Data supplied:
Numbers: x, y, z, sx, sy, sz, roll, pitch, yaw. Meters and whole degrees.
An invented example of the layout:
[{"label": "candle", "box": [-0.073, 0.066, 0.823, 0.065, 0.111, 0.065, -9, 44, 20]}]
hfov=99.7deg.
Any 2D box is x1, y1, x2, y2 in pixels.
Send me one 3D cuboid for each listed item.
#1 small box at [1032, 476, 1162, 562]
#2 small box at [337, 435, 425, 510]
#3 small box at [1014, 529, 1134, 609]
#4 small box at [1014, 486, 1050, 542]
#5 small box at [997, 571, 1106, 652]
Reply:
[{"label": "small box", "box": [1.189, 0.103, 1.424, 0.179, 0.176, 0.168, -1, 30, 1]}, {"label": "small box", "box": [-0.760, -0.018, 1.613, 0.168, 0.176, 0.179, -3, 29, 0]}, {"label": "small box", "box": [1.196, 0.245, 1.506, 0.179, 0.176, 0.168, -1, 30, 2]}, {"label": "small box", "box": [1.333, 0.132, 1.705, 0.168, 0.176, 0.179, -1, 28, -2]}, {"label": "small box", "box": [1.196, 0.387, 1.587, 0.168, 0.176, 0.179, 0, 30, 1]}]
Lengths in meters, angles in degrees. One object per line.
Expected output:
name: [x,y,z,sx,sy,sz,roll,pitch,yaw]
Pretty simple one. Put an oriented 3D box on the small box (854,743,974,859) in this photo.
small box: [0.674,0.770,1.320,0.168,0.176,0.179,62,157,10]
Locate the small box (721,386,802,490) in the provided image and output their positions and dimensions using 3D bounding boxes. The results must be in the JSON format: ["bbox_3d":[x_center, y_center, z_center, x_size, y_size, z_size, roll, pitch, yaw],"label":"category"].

Activity:
Everything from the line containing "Pretty simple one." through the final line of the records is what you should print, exactly and with nothing added.

Result for this exercise:
Pretty simple one. Put an oriented 3D box on the small box (854,743,974,859) in this photo.
small box: [0.674,0.770,1.320,0.168,0.176,0.179,62,157,10]
Locate the small box (721,386,802,490) in the provided image and output their positions and dimensions using 3D bounding boxes. The results must be in the JSON format: ["bbox_3d":[x_center, y_center, z_center, x_size, y_size, z_size, roll, pitch, yaw],"label":"category"].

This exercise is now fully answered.